Tuesday, August 2, 2011

So we have a corrupt database

When a developer started to run a query the other day he got error:
SQL Server detected a logical consistency-based I/O error: incorrect pageid (expected 6:16547936; actual 0:0). It occurred during a read of page (6:16547936) in database ID 15 at offset 0x00001f900c0000 in file '.....SampleDB_4_data.ndf'. Additional messages in the SQL Server error log or system event log may provide more detail.
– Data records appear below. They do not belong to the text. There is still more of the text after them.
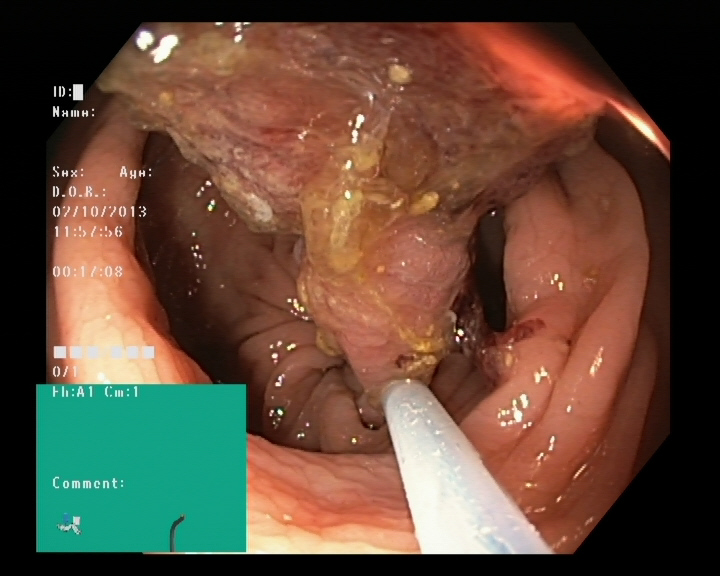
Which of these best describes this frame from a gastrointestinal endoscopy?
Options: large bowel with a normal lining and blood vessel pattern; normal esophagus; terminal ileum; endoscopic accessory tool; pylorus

endoscopic accessory tool
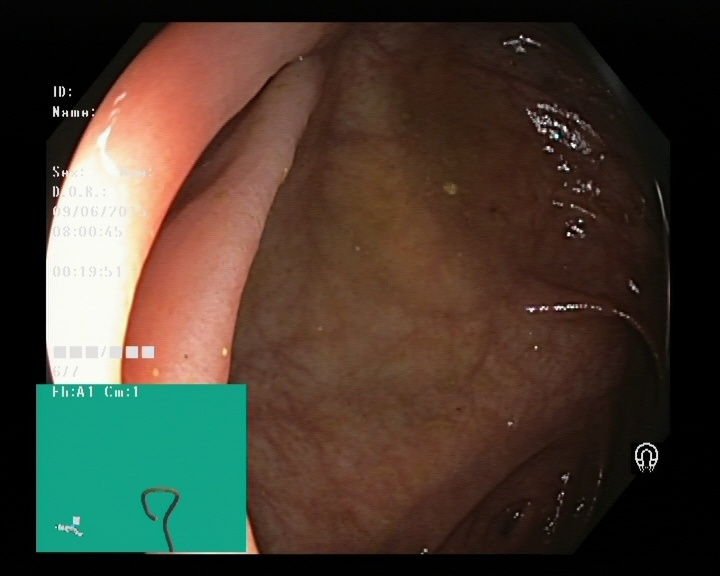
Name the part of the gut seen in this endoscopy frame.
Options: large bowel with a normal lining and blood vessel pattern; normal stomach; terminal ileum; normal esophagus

large bowel with a normal lining and blood vessel pattern
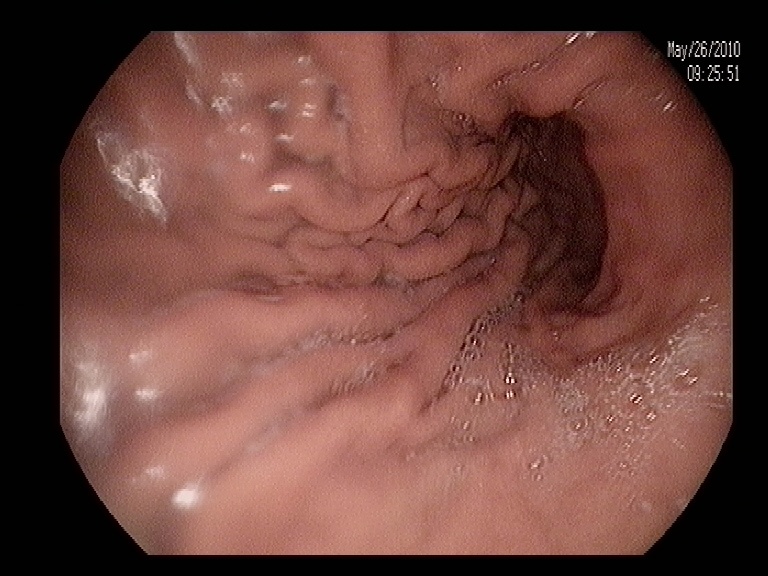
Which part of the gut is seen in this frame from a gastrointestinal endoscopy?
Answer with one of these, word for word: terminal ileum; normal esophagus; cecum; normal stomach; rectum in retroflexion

normal stomach
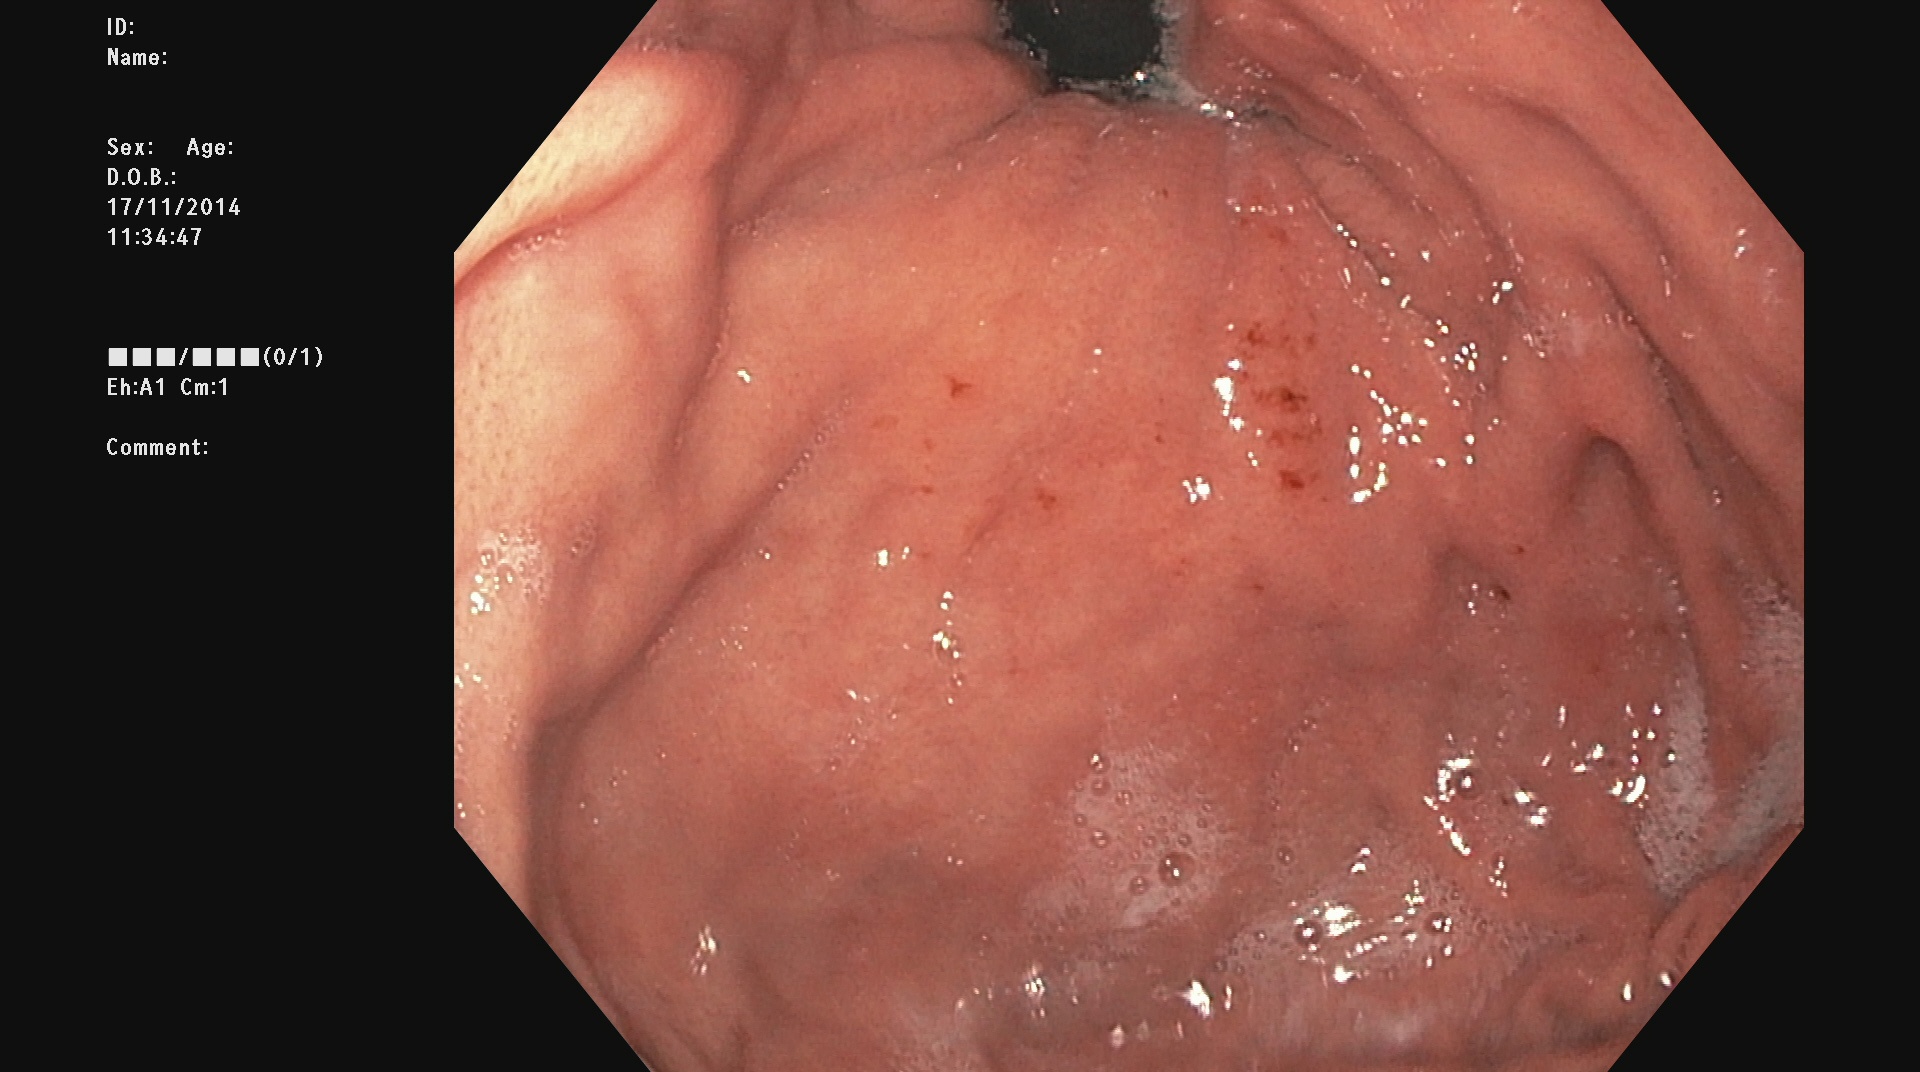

This is a severe error condition that threatens database integrity and must be corrected immediately. Complete a full database consistency check (DBCC CHECKDB). This error can be caused by many factors; for more information, see SQL Server Books Online.

So we checked the databaseID=15 which was SampleDB on the server and ran the
DBCC CHECKDB ('SampleDB') WITH NO_INFOMSGS
go

output:
Msg 8978, Level 16, State 1, Line 1
Table error: Object ID 80719340, index ID 1, partition ID 72057594103136256, alloc unit ID 72057594106806272 (type In-row data). Page (6:16547927) is missing a reference from previous page (6:16547928). Possible chain linkage problem.
Msg 8928, Level 16, State 1, Line 1
Object ID 80719340, index ID 1, partition ID 72057594103136256, alloc unit ID 72057594106806272 (type In-row data): Page (6:16547928) could not be processed. See other errors for details.
.
.
.
Msg 8980, Level 16, State 1, Line 1
Table error: Object ID 80719340, index ID 1, partition ID 72057594103136256, alloc unit ID 72057594106806272 (type In-row data). Index node page (6:16585523), slot 15 refers to child page (6:16547950) and previous child (6:16547951), but they were not encountered.
Msg 8928, Level 16, State 1, Line 1
Object ID 80719340, index ID 1, partition ID 72057594103136256, alloc unit ID 72057594106806272 (type In-row data): Page (6:16547951) could not be processed. See other errors for details.

Msg 8976, Level 16, State 1, Line 1
Table error: Object ID 80719340, index ID 1, partition ID 72057594103136256, alloc unit ID 72057594106806272 (type In-row data). Page (6:16547951) was not seen in the scan although its parent (6:16585523) and previous (6:16547952) refer to it. Check any previous errors.
CHECKDB found 0 allocation errors and 49 consistency errors in table 'SampleTable' (object ID 80719340).
CHECKDB found 0 allocation errors and 73 consistency errors in database 'SampleDB'.
repair_allow_data_loss is the minimum repair level for the errors found by DBCC CHECKDB (SampleDB).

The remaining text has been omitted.